EXERCISE GOAL: Search the data for the word "meters" and copy out every line that has it.

SUPPLIED ENTRIES:

====

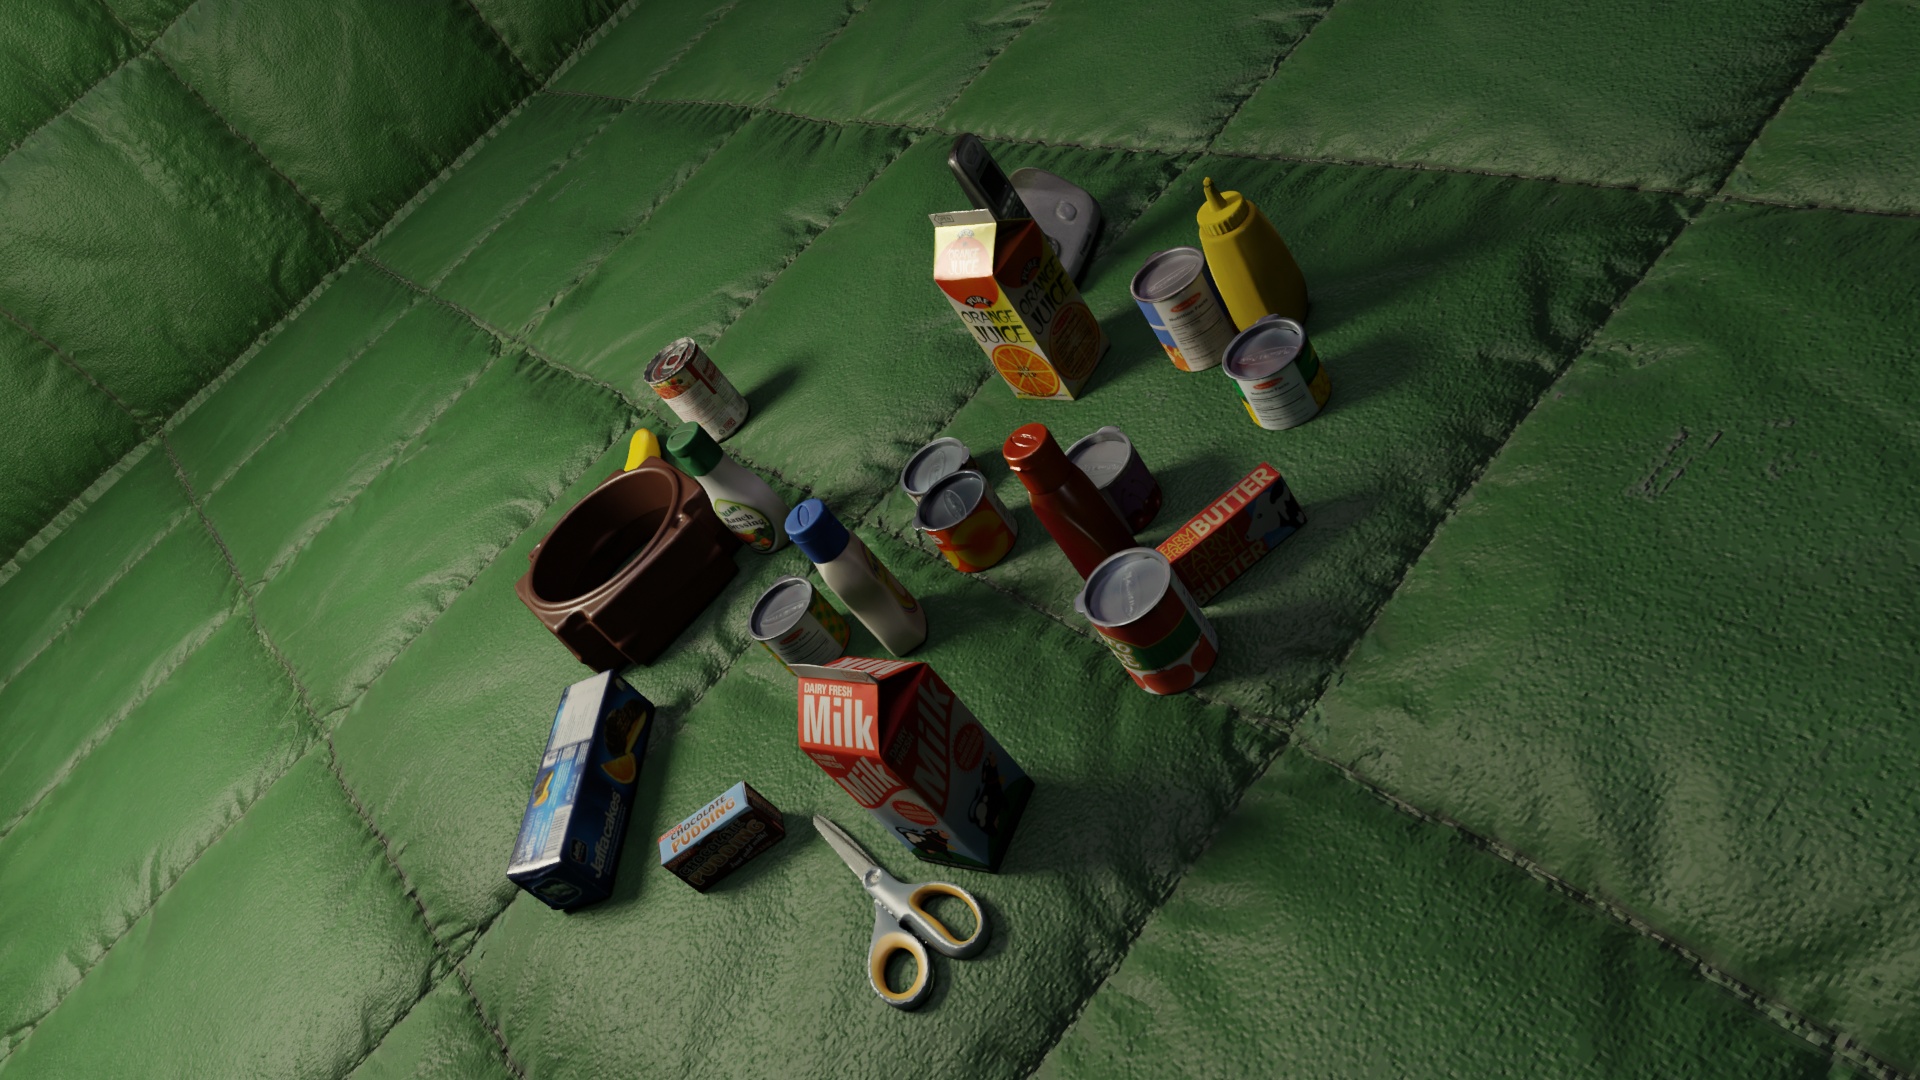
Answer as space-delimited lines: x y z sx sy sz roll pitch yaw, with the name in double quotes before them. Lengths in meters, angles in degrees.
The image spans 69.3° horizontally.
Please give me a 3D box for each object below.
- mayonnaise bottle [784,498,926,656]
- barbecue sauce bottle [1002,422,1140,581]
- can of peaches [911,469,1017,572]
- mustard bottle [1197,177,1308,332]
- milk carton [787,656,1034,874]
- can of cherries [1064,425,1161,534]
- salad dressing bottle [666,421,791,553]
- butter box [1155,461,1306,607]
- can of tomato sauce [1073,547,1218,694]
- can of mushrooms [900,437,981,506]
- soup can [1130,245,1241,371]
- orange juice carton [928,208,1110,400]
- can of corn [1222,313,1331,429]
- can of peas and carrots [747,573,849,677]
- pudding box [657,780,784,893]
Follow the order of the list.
"mayonnaise bottle" -0.082 0.027 1.098 0.041 0.147 0.065 -32 37 9
"barbecue sauce bottle" 0.082 -0.023 1.013 0.065 0.148 0.044 19 65 49
"can of peaches" 0.004 -0.014 1.145 0.071 0.058 0.071 -23 39 20
"mustard bottle" 0.225 -0.227 1.100 0.049 0.159 0.065 5 54 43
"milk carton" -0.035 0.137 0.907 0.072 0.190 0.074 -1 50 40
"can of cherries" 0.117 -0.045 1.081 0.071 0.058 0.072 -23 39 20
"salad dressing bottle" -0.213 -0.049 1.290 0.064 0.147 0.044 -8 46 35
"butter box" 0.191 -0.003 0.980 0.103 0.053 0.024 -39 36 0
"can of tomato sauce" 0.128 0.057 0.944 0.071 0.083 0.071 -23 39 20
"can of mushrooms" -0.015 -0.056 1.226 0.071 0.033 0.071 -23 39 20
"soup can" 0.189 -0.194 1.159 0.071 0.083 0.072 -23 39 20
"orange juice carton" 0.046 -0.213 1.208 0.072 0.192 0.073 8 56 45
"can of corn" 0.243 -0.129 1.065 0.071 0.058 0.071 -23 39 20
"can of peas and carrots" -0.136 0.072 1.172 0.071 0.058 0.071 -23 39 20
"pudding box" -0.182 0.225 1.055 0.083 0.049 0.030 -35 37 6
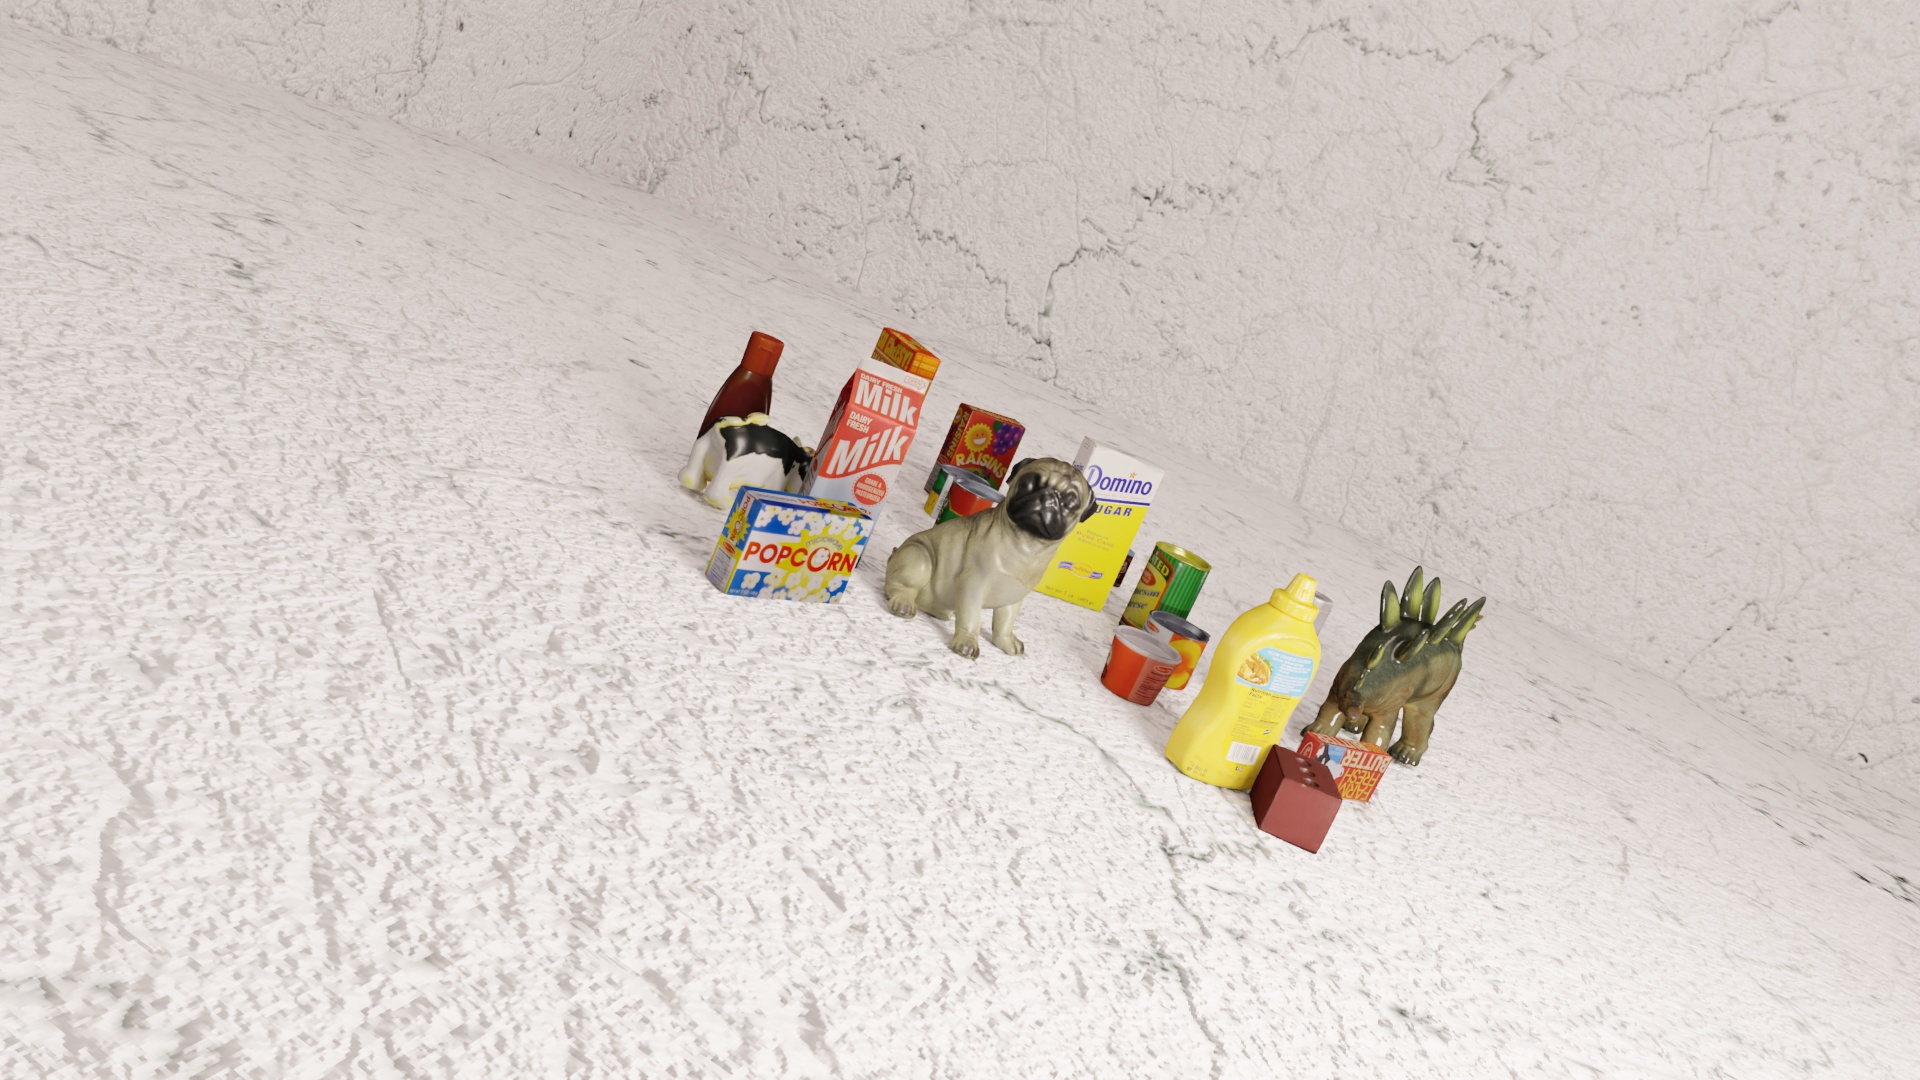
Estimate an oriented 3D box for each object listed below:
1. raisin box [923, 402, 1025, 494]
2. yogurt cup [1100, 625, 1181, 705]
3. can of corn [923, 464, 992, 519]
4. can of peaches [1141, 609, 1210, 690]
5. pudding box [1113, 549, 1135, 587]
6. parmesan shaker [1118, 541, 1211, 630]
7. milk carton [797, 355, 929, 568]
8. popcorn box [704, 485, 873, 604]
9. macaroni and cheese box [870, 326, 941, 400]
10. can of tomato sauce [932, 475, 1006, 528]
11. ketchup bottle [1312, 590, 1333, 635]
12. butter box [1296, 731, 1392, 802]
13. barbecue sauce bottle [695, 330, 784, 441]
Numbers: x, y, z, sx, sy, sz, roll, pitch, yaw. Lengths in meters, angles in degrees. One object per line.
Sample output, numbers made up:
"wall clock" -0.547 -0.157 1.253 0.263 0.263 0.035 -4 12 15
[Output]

====

ANSWER FOR THE TASK:
Answer as space-delimited lines: x y z sx sy sz roll pitch yaw, with the name in double quotes before them. Lengths in meters, angles in degrees.
Numbers: x, y, z, sx, sy, sz, roll, pitch, yaw. Lengths in meters, angles in degrees. One object per line.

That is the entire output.